李氏朝鮮時代の学業が散々だったこと、李氏朝鮮のハングル弾圧の結果識字率が二割以下ということを忘れている。学校も100校しかないことも頭から抜け落ちてる。
さらに経済にしても、日本のように先物取引ができているとか、三越のような大型商店が存在していたわけではないことも。

併合した時点で、韓国は経済破綻した最貧国だった。

そんな状況で大企業幹部を任せられる人材が十年二十年で育つと思うなら、あるみさんは企業経営舐めすぎ。

一応上り詰めた朝鮮人はいるものの、大体は日本に留学して勉学を身に付けた人物。帰ったところで旨味があるわけでもない。

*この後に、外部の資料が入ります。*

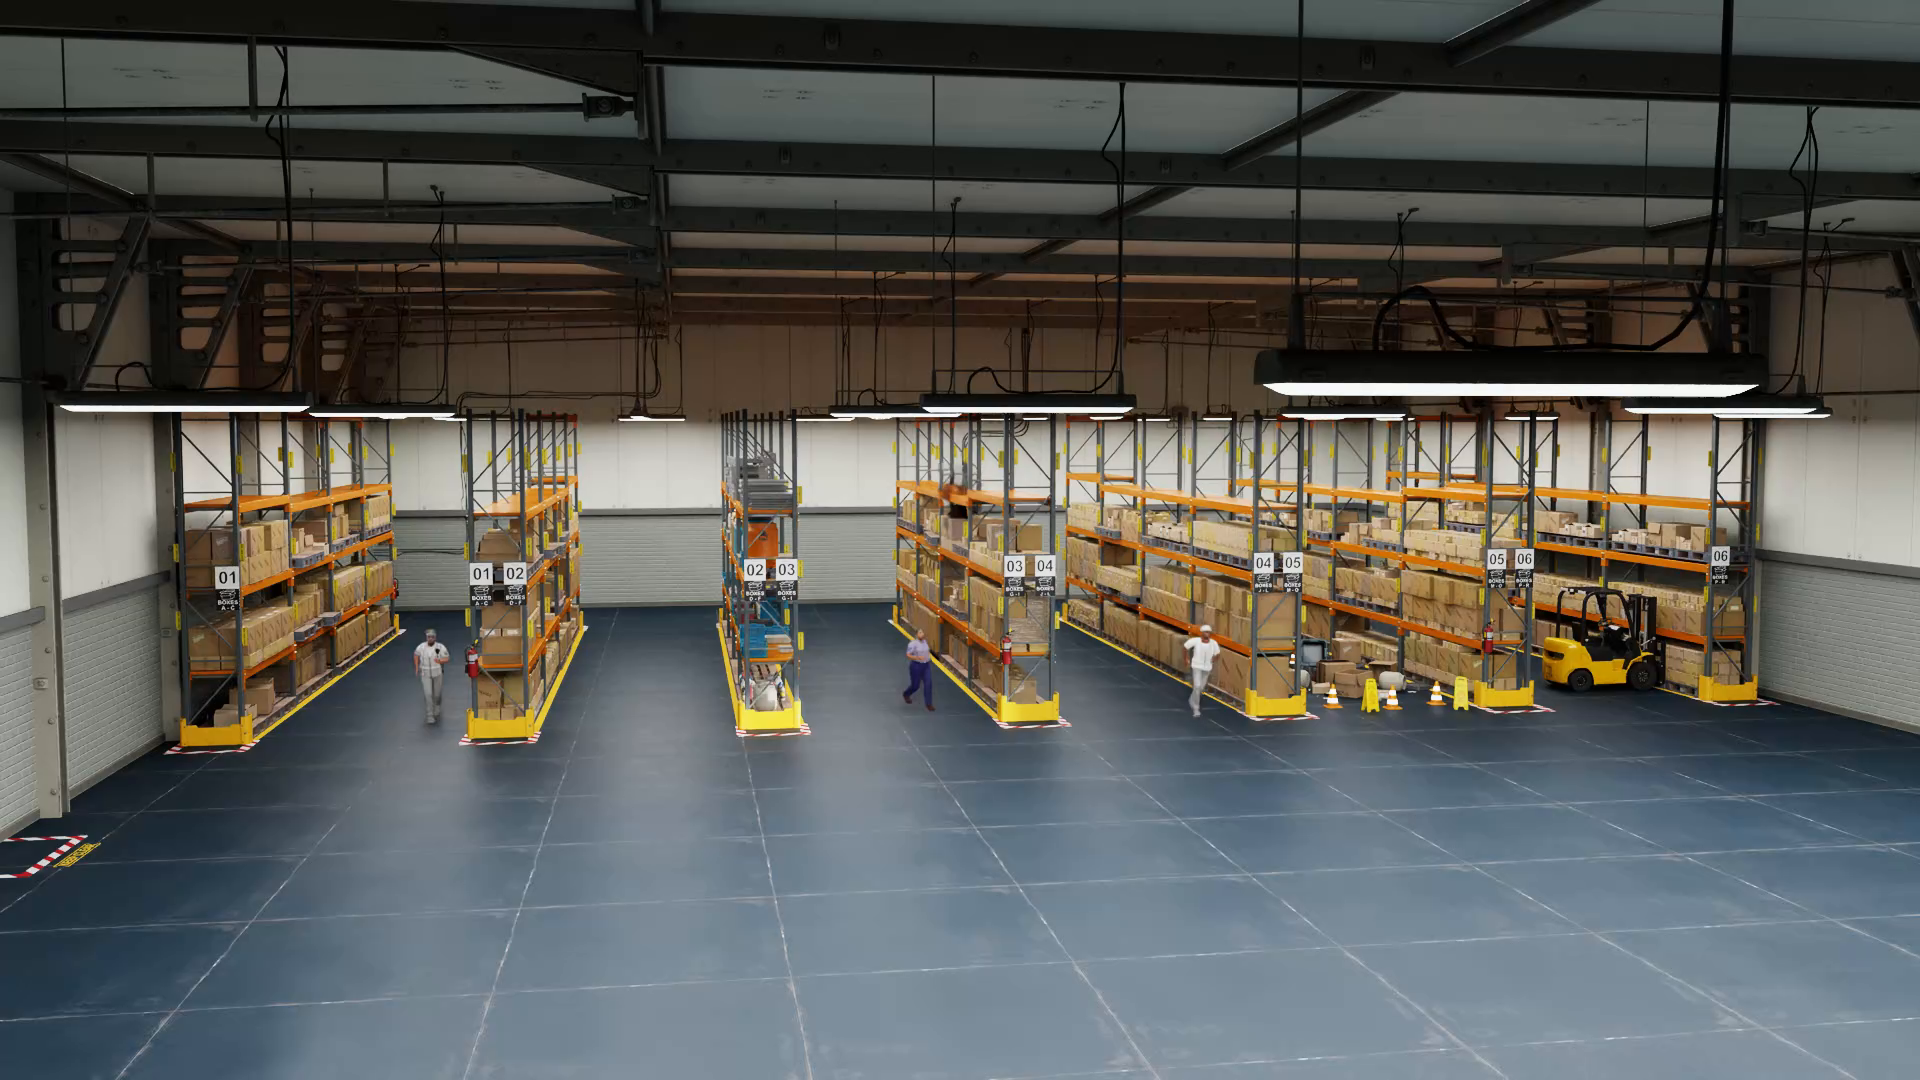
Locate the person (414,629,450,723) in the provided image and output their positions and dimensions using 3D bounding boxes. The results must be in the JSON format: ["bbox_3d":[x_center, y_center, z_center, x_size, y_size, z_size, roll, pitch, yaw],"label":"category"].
[{"bbox_3d":[-10.166,2.583,32.019,0.663,1.758,0.951,-1,4,-16],"label":"person"}]

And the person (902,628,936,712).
[{"bbox_3d":[-0.814,2.666,33.311,0.610,1.466,0.920,-3,5,-37],"label":"person"}]

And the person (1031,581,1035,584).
[{"bbox_3d":[1.967,1.665,47.267,0.556,1.528,0.650,0,4,-2],"label":"person"}]

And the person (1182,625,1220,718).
[{"bbox_3d":[4.796,2.553,32.910,0.729,1.770,0.935,-1,4,-12],"label":"person"}]

そして何度も言うが、朝鮮半島は赤字だ。台湾はすぐに黒地になったのにな。

搾取、略取するつもりなら、朝鮮人相手に学校造って、知識を与える必要はない。

朝鮮米を日本に流入させて、本国の農家を怒らせる必要もない。

関税だってもっと自由に弄れたはずだ。
日本人との間に、決定的な、法的な差別を行えたはずだ。
なのにそれをしない

理由は簡単。日本は解放とか植民地とか、そういう考えはまったくない。ただロシアへの防波堤が欲しかった。そのために朝鮮を維持する必要があった、だから投資した。それだけのこと。

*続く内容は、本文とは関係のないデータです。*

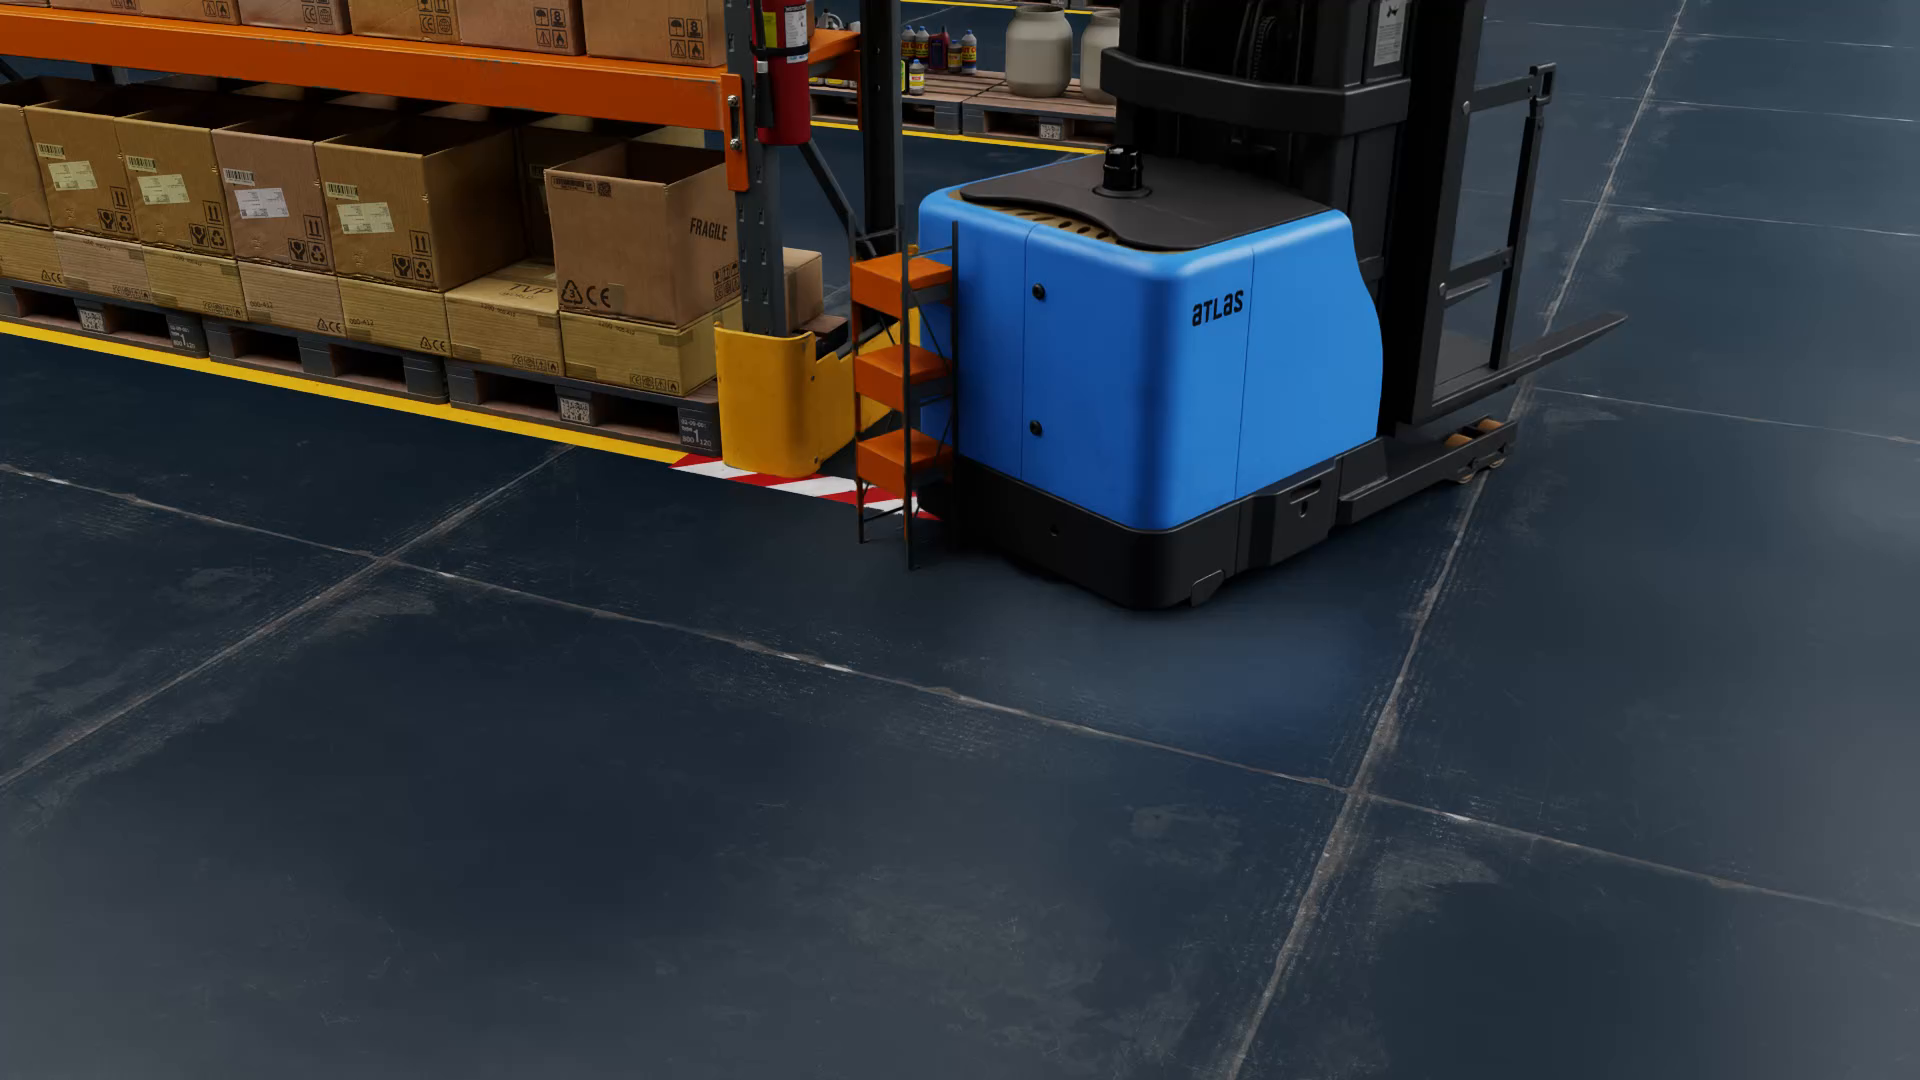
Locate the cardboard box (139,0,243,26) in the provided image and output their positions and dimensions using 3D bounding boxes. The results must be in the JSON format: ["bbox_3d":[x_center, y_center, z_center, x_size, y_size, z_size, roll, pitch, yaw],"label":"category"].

投稿: ROM人 | 2013年7月 6日 (土) 01時22分

戦前の日本企業が一方的に労働力を搾取していたと決め付けていますが、その日本企業での賃金と従来の農業等での所得と比較できる筈ですが左翼学者は数字を出すことなく日本を貶めています。
日本企業の進出で食えるようになり人口増大したとは書きません。
当時の日本でもそうですが伝染病対策や栄養改善(満足するものでなくとも以前よりはよくなった)や教育で幼児死亡が減りよくなっているのです。